===== Supplied entries =====

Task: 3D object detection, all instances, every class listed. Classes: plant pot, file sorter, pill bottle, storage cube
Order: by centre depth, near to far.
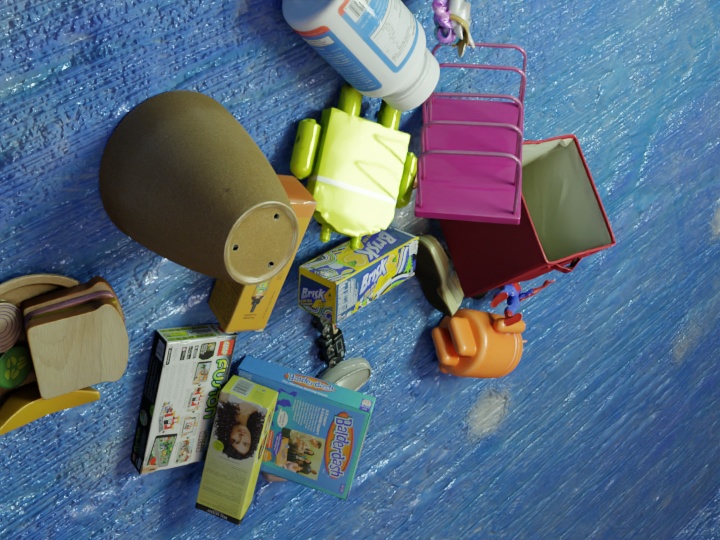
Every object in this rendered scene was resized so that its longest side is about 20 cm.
[{"bbox_3d":[-0.158,-0.070,0.900,0.184,0.199,0.190,-24,132,-30],"label":"plant pot"},{"bbox_3d":[0.009,-0.277,0.979,0.113,0.112,0.199,-54,135,0],"label":"pill bottle"},{"bbox_3d":[0.146,-0.183,1.073,0.126,0.136,0.204,83,14,-57],"label":"file sorter"},{"bbox_3d":[0.240,-0.078,1.244,0.168,0.179,0.204,-13,81,-38],"label":"storage cube"}]

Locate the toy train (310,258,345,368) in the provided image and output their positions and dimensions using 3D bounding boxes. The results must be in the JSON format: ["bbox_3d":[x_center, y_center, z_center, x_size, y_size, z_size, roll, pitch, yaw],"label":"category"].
[{"bbox_3d":[-0.049,0.063,1.220,0.045,0.034,0.203,-34,135,-27],"label":"toy train"}]

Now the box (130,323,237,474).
[{"bbox_3d":[-0.237,0.171,1.109,0.109,0.035,0.204,-3,118,-43],"label":"box"}]

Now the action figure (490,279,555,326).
[{"bbox_3d":[0.280,0.029,1.432,0.098,0.066,0.200,-34,-177,15],"label":"action figure"}]

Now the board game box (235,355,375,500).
[{"bbox_3d":[-0.090,0.224,1.176,0.045,0.196,0.155,-60,167,-67],"label":"board game box"}]

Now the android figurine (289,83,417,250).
[{"bbox_3d":[-0.005,-0.130,1.075,0.179,0.041,0.205,12,90,-27],"label":"android figurine"}]

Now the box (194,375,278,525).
[{"bbox_3d":[-0.173,0.252,1.153,0.050,0.074,0.204,-56,163,-65],"label":"box"}]

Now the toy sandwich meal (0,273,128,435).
[{"bbox_3d":[-0.353,0.095,0.918,0.203,0.070,0.209,-24,131,-31],"label":"toy sandwich meal"}]

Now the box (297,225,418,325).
[{"bbox_3d":[0.000,0.000,1.163,0.199,0.069,0.066,-29,133,-48],"label":"box"}]

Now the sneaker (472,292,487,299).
[{"bbox_3d":[0.243,-0.033,1.397,0.075,0.087,0.203,7,111,-46],"label":"sneaker"}]

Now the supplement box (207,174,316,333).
[{"bbox_3d":[-0.127,-0.019,1.043,0.066,0.069,0.203,-1,124,-43],"label":"supplement box"}]

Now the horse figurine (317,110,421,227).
[{"bbox_3d":[0.012,-0.119,1.147,0.200,0.050,0.133,-47,133,-13],"label":"horse figurine"}]

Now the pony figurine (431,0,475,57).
[{"bbox_3d":[0.104,-0.384,0.998,0.191,0.164,0.205,17,87,-49],"label":"pony figurine"}]

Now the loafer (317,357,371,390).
[{"bbox_3d":[-0.057,0.206,1.279,0.198,0.069,0.071,-34,137,-23],"label":"loafer"}]

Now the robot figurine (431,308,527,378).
[{"bbox_3d":[0.207,0.130,1.453,0.198,0.116,0.146,10,106,-46],"label":"robot figurine"}]

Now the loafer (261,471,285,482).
[{"bbox_3d":[-0.077,0.304,1.330,0.197,0.072,0.064,-15,133,-41],"label":"loafer"}]

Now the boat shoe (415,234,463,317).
[{"bbox_3d":[0.128,-0.002,1.323,0.063,0.073,0.202,-49,142,-16],"label":"boat shoe"}]

=====

Everything from the line containing "Now the action figure (490,279,555,326)." through the final line of the records is what you should print, exactly and with nothing added.

Now the action figure (490,279,555,326).
[{"bbox_3d":[0.280,0.029,1.432,0.098,0.066,0.200,-34,-177,15],"label":"action figure"}]

Now the board game box (235,355,375,500).
[{"bbox_3d":[-0.090,0.224,1.176,0.045,0.196,0.155,-60,167,-67],"label":"board game box"}]

Now the android figurine (289,83,417,250).
[{"bbox_3d":[-0.005,-0.130,1.075,0.179,0.041,0.205,12,90,-27],"label":"android figurine"}]

Now the box (194,375,278,525).
[{"bbox_3d":[-0.173,0.252,1.153,0.050,0.074,0.204,-56,163,-65],"label":"box"}]

Now the toy sandwich meal (0,273,128,435).
[{"bbox_3d":[-0.353,0.095,0.918,0.203,0.070,0.209,-24,131,-31],"label":"toy sandwich meal"}]

Now the box (297,225,418,325).
[{"bbox_3d":[0.000,0.000,1.163,0.199,0.069,0.066,-29,133,-48],"label":"box"}]

Now the sneaker (472,292,487,299).
[{"bbox_3d":[0.243,-0.033,1.397,0.075,0.087,0.203,7,111,-46],"label":"sneaker"}]

Now the supplement box (207,174,316,333).
[{"bbox_3d":[-0.127,-0.019,1.043,0.066,0.069,0.203,-1,124,-43],"label":"supplement box"}]

Now the horse figurine (317,110,421,227).
[{"bbox_3d":[0.012,-0.119,1.147,0.200,0.050,0.133,-47,133,-13],"label":"horse figurine"}]

Now the pony figurine (431,0,475,57).
[{"bbox_3d":[0.104,-0.384,0.998,0.191,0.164,0.205,17,87,-49],"label":"pony figurine"}]

Now the loafer (317,357,371,390).
[{"bbox_3d":[-0.057,0.206,1.279,0.198,0.069,0.071,-34,137,-23],"label":"loafer"}]

Now the robot figurine (431,308,527,378).
[{"bbox_3d":[0.207,0.130,1.453,0.198,0.116,0.146,10,106,-46],"label":"robot figurine"}]

Now the loafer (261,471,285,482).
[{"bbox_3d":[-0.077,0.304,1.330,0.197,0.072,0.064,-15,133,-41],"label":"loafer"}]

Now the boat shoe (415,234,463,317).
[{"bbox_3d":[0.128,-0.002,1.323,0.063,0.073,0.202,-49,142,-16],"label":"boat shoe"}]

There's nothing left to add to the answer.